Monday, February 6, 2023

Brett Kavanaugh may have sabotaged Clarence Thomas' gun rights ruling.

Brett Kavanaugh, joined by John Roberts concurred with the extreme -no weighing, no balancing - declaration oo the right to go armed in public embraced by senior Associate Justice Clarence Thomas in the opinion of the court in New York State Rifle and Pistol Ass'n v. Bruen which struck down New York's century old gun control law. Popularly known as the Taylor law, the century old measure required a showing of particualrized need to obtain a permit to carry a gun. But...
Brett Kavanaugh may have sabotaged Clarence Thomas' gun rights ruling.
By Mark Joseph Stern

****despite the reach of Bruen, I am fairly confident that five justices will reverse the 5th Circuit and uphold a variety of laws that our ancestors would have rejected, including the federal ban on owning a gun while subject to a restraining order for domestic violence. Why? Because I do not think five justices agree with Bruen. Yes, it was a 6–3 decision. Yes, every justice in the majority joined Thomas’ opinion in full. But one justice, Brett Kavanaugh, wrote a separate opinion laying out a different standard that cannot be squared with Thomas’. And another, Chief Justice John Roberts, joined him. Under the Kavanaugh-Roberts test, disarming alleged abusers—and other individual adjudged to be dangerous—is almost certainly constitutional.
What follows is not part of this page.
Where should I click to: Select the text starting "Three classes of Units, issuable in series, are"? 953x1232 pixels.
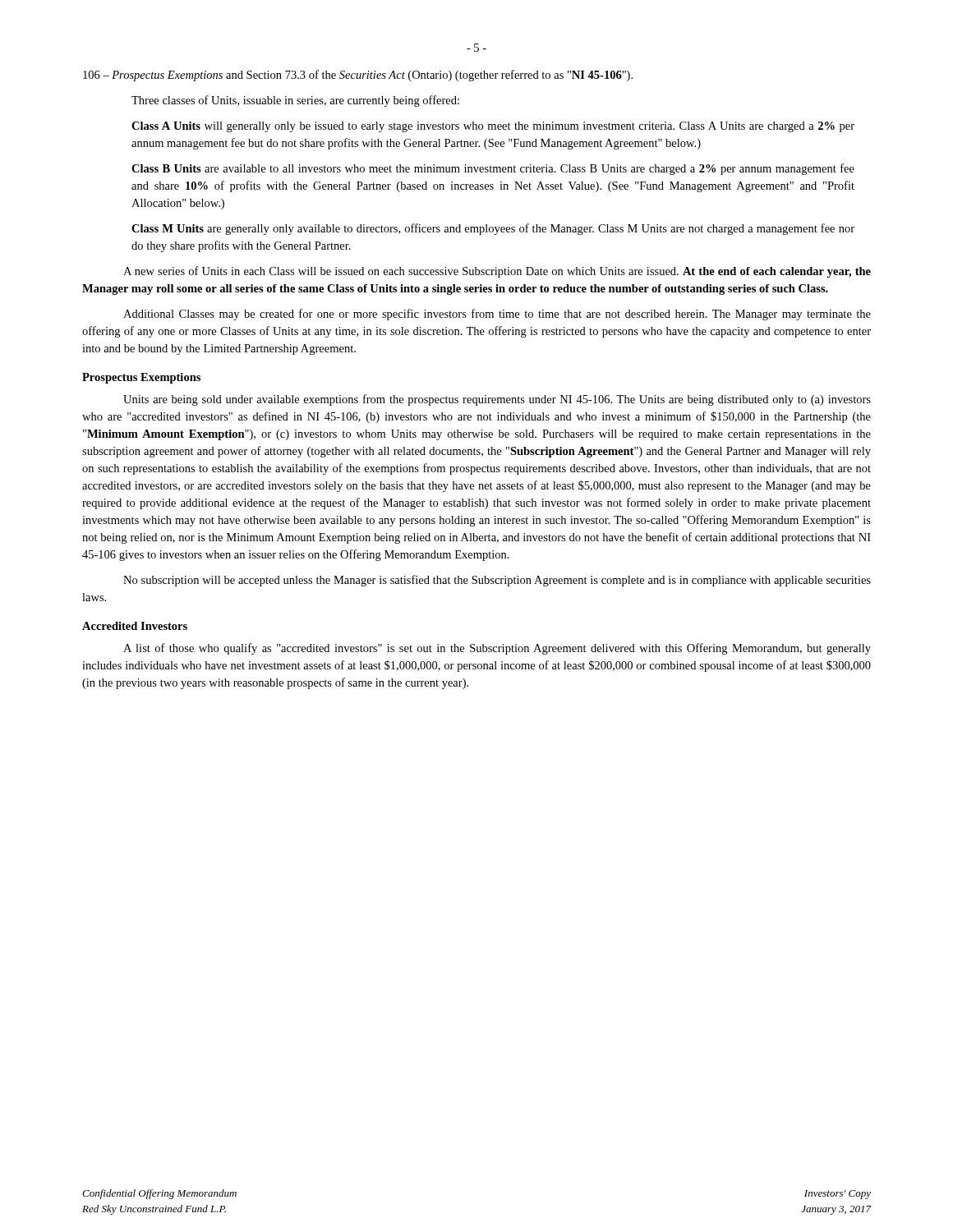click(296, 100)

It is almost never wise to be optimistic about this Supreme Court. And it is frightening to think that thousands of lives depend on Kavanaugh ruling the right way. But in this most unusual case, I think cautious confidence is in order.

To see why, just hold up Thomas’ and Kavanaugh’s opinions in Bruen side by side. Both justices agreed with the bottom line: New York’s concealed carry law, which required applicants to demonstrate a heightened need for self-defense, violates the Second Amendment. But take one step beyond that and the justices start to diverge. Thomas devotes his opinion to articulating a new legal test: Modern gun restrictions are “presumptively” unconstitutional unless they have enough “historical analogues” from the 18th and 19th centuries to prove that they are rooted in “this nation’s historical tradition of firearm regulation.” That’s the test that the 5th Circuit used to find that the government cannot bar people from owning guns while they are under a restraining order for domestic violence.

Although Kavanaugh formally signed onto Thomas’ opinion, he spent the bulk of his separate concurrence recasting it as something very different. Kavanaugh wrote that he wanted “to underscore two important points about the limits” of Thomas’ opinion. First, he clarified that the decision does not affect “the existing licensing regimes” in 43 states that let any law-abiding adult carry a concealed weapon. “As the court explains,” Kavanaugh declared, “New York’s outlier may-issue regime is constitutionally problematic because it grants open-ended discretion to licensing officials and authorizes licenses only for those applicants who can show some special need apart from self-defense.” In other words, New York’s “outlier” law violates the Second Amendment because it grants state officials so much latitude in determining who deserves to carry a gun.

But that’s not actually what the court—that is, Clarence Thomas’ majority opinion—said! Thomas did not focus primarily on the problem of state officials’ “open-ended discretion.” He instead zeroed in on the ostensible lack of a historical basis for such stringent limits on concealed carry. These are two very different things! In his concurrence, Kavanaugh then went on to preemptively greenlight a variety of restrictions on concealed carry permits, including “fingerprinting, a background check, a mental health records check, and training in firearms handling and in laws regarding the use of force.” All these requirements, he declared, are “constitutionally permissible.”

Wait—they are? Why? Under Thomas’ test, that’s an open question: The government would have to demonstrate that in the 18th and 19th centuries, a critical mass of states forced citizens to jump through these hoops before acquiring a concealed carry permit. It’s extremely unlikely that states demanded fingerprinting (which did not exist at that time) or a background check (frequently impossible in an era with scarce, scattershot paper records) or a mental health records check (since the very concept of mental health was in its infancy). These requirements are only constitutional—indeed, obviously constitutional, per Kavanaugh—under a more lenient test. A test that, for instance, measures the importance of the government’s objectives against the burden on the individual’s rights. Yet Thomas expressly disclaimed this kind of “means-end scrutiny,” insisting that it is irrelevant how many lives a particular gun restriction might save.